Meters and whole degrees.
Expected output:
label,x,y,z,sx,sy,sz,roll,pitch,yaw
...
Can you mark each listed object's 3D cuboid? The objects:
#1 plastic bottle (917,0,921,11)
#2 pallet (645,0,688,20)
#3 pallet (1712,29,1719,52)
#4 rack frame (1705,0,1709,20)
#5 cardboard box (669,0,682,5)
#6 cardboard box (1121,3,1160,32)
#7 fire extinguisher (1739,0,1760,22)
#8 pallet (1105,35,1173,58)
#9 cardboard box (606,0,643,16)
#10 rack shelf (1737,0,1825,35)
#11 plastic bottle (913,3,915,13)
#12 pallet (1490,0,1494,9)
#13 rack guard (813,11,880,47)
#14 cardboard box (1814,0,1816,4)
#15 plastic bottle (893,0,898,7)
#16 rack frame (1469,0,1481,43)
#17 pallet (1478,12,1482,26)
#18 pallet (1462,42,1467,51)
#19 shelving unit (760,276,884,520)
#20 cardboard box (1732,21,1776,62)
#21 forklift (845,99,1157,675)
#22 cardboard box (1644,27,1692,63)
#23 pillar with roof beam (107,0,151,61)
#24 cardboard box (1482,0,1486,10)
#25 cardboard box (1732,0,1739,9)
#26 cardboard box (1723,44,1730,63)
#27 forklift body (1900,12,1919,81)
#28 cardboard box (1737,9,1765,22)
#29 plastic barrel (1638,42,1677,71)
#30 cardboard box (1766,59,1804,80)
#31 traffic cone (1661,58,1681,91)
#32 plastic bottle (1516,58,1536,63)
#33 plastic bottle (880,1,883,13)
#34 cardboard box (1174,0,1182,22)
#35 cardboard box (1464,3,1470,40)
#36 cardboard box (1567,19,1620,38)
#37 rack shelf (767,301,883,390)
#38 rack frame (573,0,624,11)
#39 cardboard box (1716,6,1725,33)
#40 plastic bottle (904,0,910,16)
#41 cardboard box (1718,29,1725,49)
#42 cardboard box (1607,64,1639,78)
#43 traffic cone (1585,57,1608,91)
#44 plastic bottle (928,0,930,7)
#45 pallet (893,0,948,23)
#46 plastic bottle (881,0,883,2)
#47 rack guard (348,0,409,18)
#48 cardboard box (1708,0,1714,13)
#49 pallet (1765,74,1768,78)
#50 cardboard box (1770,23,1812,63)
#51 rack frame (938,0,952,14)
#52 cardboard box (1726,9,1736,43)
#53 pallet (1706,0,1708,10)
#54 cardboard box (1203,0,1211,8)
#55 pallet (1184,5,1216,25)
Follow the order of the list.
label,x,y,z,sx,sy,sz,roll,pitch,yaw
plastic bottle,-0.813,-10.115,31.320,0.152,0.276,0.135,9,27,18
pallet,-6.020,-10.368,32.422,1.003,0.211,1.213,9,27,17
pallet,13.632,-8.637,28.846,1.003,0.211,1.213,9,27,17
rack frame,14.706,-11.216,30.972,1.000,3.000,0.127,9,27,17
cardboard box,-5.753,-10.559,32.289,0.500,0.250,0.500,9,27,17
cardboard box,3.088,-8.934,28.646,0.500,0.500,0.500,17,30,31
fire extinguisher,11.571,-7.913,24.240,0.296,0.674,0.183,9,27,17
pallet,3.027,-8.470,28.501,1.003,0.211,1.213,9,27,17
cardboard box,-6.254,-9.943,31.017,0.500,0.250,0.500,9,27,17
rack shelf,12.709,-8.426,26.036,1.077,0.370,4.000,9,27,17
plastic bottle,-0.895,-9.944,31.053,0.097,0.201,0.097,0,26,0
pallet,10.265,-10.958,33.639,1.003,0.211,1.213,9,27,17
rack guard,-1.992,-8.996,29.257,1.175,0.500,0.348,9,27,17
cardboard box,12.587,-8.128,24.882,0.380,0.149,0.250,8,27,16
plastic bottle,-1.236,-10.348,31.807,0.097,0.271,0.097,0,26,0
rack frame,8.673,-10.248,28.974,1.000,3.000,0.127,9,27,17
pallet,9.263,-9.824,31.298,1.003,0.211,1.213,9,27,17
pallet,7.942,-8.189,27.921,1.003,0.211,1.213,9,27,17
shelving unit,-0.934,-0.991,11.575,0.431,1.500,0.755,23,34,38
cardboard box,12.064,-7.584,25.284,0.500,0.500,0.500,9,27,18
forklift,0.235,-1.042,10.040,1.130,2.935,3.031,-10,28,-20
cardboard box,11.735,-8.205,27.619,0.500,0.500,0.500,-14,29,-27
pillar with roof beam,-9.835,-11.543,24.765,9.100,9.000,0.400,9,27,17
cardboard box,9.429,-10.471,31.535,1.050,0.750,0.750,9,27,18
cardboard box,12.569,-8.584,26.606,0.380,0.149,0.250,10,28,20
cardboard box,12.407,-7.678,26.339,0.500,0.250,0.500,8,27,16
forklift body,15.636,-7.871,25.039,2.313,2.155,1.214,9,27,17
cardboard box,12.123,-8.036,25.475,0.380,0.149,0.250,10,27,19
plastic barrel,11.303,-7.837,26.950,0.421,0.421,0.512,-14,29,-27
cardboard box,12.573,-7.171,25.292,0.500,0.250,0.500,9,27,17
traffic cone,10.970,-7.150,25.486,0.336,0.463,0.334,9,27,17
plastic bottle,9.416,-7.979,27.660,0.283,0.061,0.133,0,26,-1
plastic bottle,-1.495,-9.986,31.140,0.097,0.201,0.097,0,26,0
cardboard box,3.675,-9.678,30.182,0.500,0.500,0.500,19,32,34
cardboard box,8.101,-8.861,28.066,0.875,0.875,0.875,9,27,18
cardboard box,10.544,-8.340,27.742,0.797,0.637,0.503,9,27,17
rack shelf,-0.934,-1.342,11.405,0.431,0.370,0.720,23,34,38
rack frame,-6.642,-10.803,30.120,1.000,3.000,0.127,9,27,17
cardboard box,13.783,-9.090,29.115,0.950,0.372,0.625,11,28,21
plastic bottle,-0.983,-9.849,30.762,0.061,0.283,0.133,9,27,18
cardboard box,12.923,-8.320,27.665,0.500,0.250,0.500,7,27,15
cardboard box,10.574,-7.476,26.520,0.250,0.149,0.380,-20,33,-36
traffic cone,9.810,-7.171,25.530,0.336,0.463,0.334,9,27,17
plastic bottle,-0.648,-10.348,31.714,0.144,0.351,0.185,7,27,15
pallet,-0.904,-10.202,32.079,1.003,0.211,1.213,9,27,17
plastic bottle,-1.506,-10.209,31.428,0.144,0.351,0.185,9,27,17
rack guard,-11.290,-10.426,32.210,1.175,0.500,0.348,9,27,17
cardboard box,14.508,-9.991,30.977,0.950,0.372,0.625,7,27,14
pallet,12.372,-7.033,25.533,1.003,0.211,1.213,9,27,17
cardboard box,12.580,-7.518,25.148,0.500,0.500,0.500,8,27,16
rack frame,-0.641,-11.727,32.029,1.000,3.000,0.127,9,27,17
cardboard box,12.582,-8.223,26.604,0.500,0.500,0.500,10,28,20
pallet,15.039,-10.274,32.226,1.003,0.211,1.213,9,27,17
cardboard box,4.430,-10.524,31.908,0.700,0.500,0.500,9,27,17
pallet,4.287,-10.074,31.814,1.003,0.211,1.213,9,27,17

++++++

■ **Your assignment**
Produce a word-for-word copy of everything above from the line holding "#7 fire extinguisher (1739,0,1760,22)" down to the line holding "#55 pallet (1184,5,1216,25)", with both of those lines kept.

■ **Task answer**
#7 fire extinguisher (1739,0,1760,22)
#8 pallet (1105,35,1173,58)
#9 cardboard box (606,0,643,16)
#10 rack shelf (1737,0,1825,35)
#11 plastic bottle (913,3,915,13)
#12 pallet (1490,0,1494,9)
#13 rack guard (813,11,880,47)
#14 cardboard box (1814,0,1816,4)
#15 plastic bottle (893,0,898,7)
#16 rack frame (1469,0,1481,43)
#17 pallet (1478,12,1482,26)
#18 pallet (1462,42,1467,51)
#19 shelving unit (760,276,884,520)
#20 cardboard box (1732,21,1776,62)
#21 forklift (845,99,1157,675)
#22 cardboard box (1644,27,1692,63)
#23 pillar with roof beam (107,0,151,61)
#24 cardboard box (1482,0,1486,10)
#25 cardboard box (1732,0,1739,9)
#26 cardboard box (1723,44,1730,63)
#27 forklift body (1900,12,1919,81)
#28 cardboard box (1737,9,1765,22)
#29 plastic barrel (1638,42,1677,71)
#30 cardboard box (1766,59,1804,80)
#31 traffic cone (1661,58,1681,91)
#32 plastic bottle (1516,58,1536,63)
#33 plastic bottle (880,1,883,13)
#34 cardboard box (1174,0,1182,22)
#35 cardboard box (1464,3,1470,40)
#36 cardboard box (1567,19,1620,38)
#37 rack shelf (767,301,883,390)
#38 rack frame (573,0,624,11)
#39 cardboard box (1716,6,1725,33)
#40 plastic bottle (904,0,910,16)
#41 cardboard box (1718,29,1725,49)
#42 cardboard box (1607,64,1639,78)
#43 traffic cone (1585,57,1608,91)
#44 plastic bottle (928,0,930,7)
#45 pallet (893,0,948,23)
#46 plastic bottle (881,0,883,2)
#47 rack guard (348,0,409,18)
#48 cardboard box (1708,0,1714,13)
#49 pallet (1765,74,1768,78)
#50 cardboard box (1770,23,1812,63)
#51 rack frame (938,0,952,14)
#52 cardboard box (1726,9,1736,43)
#53 pallet (1706,0,1708,10)
#54 cardboard box (1203,0,1211,8)
#55 pallet (1184,5,1216,25)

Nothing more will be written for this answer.